The following result is from Tao's note: https://terrytao.wordpress.com/2015/10/23/275a-notes-3-the-weak-and-strong-law-of-large-numbers/comment-page-1/#comment-682897.
Proposition: Let ${\varepsilon > 0}$. Then, for sufficiently large ${n}$, a proportion of at least ${1-\varepsilon}$ of the cube ${[-1,1]^n}$ (by ${n}$-dimensional Lebesgue measure) is contained in the annulus ${\{ x \in {\bf R}^n: (1-\varepsilon) \sqrt{n/3} \leq |x| \leq (1+\varepsilon) \sqrt{n/3} \}}$.
Proof: Let ${X_1,X_2,\dots}$ be iid random variables drawn uniformly from ${[-1,1]}$. Then the random vector ${(X_1,\dots,X_n)}$ is uniformly distributed on the cube ${[-1,1]^n}$. The variables ${X_1^2,X_2^2,\dots}$ are also iid, and (by the change of variables formula) have mean
$\displaystyle \int_0^1 x^2\ dx = \frac{1}{3}$.

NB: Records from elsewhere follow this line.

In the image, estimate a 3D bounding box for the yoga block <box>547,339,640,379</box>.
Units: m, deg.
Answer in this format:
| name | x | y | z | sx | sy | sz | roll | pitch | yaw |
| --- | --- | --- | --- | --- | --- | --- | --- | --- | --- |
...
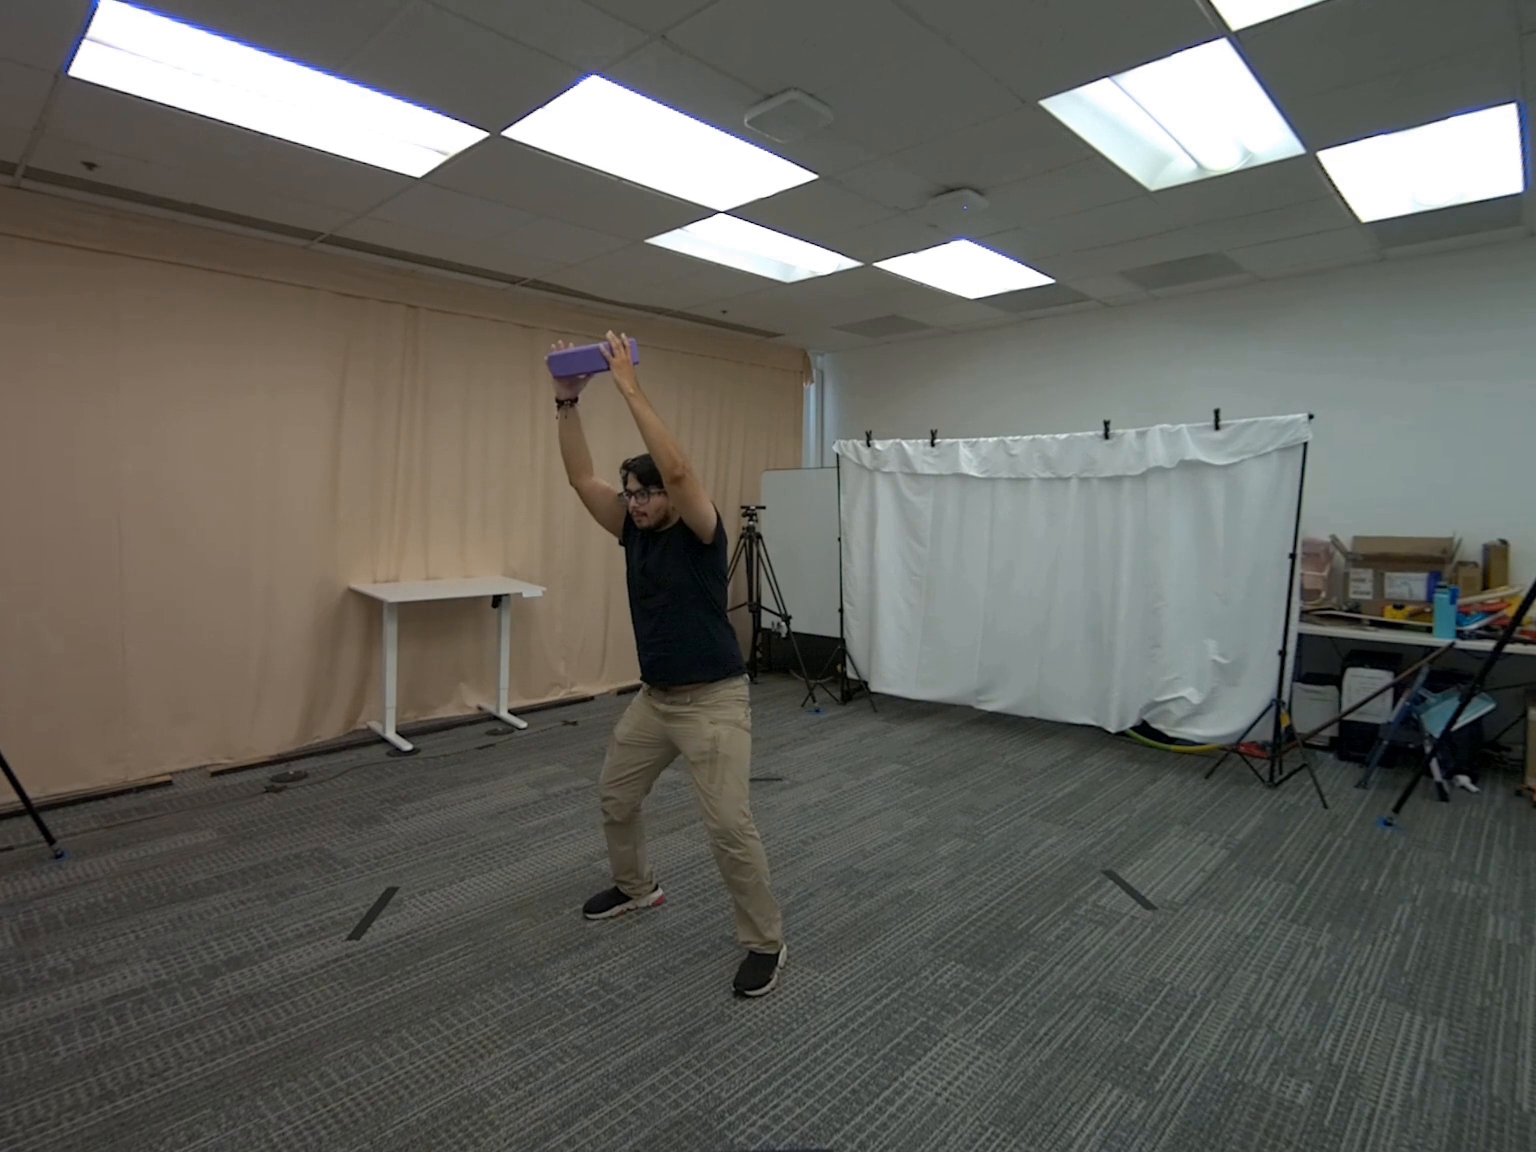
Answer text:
| name | x | y | z | sx | sy | sz | roll | pitch | yaw |
| --- | --- | --- | --- | --- | --- | --- | --- | --- | --- |
| yoga block | -0.493 | -0.625 | 2.414 | 0.237 | 0.075 | 0.146 | 4 | 24 | 39 |

Hence, by the weak law of large numbers, the quantity ${\frac{X_1^2+\dots+X_n^2}{n}}$ converges in probability to ${\frac{1}{3}}$, so in particular the probability
$\displaystyle {\bf P}(|\sqrt{X_1^2+\dots+X_n^2} - \sqrt{n/3}| > \varepsilon \sqrt{n})$
goes to zero as ${n}$ goes to infinity. But this quantity is precisely the proportion of ${[-1,1]^n}$ that lies outside the annulus ${\{ x \in {\bf R}^n: (1-\varepsilon) \sqrt{n/3} \leq |x| \leq (1+\varepsilon) \sqrt{n/3} \}}$, and the claim follows. $\Box$
Question: Isn't the proportion which lies outside the given annulus be $\displaystyle {\bf P}(|\sqrt{X_1^2+\dots+X_n^2} - \sqrt{n/3}| > \varepsilon \sqrt{n/3})$ instead?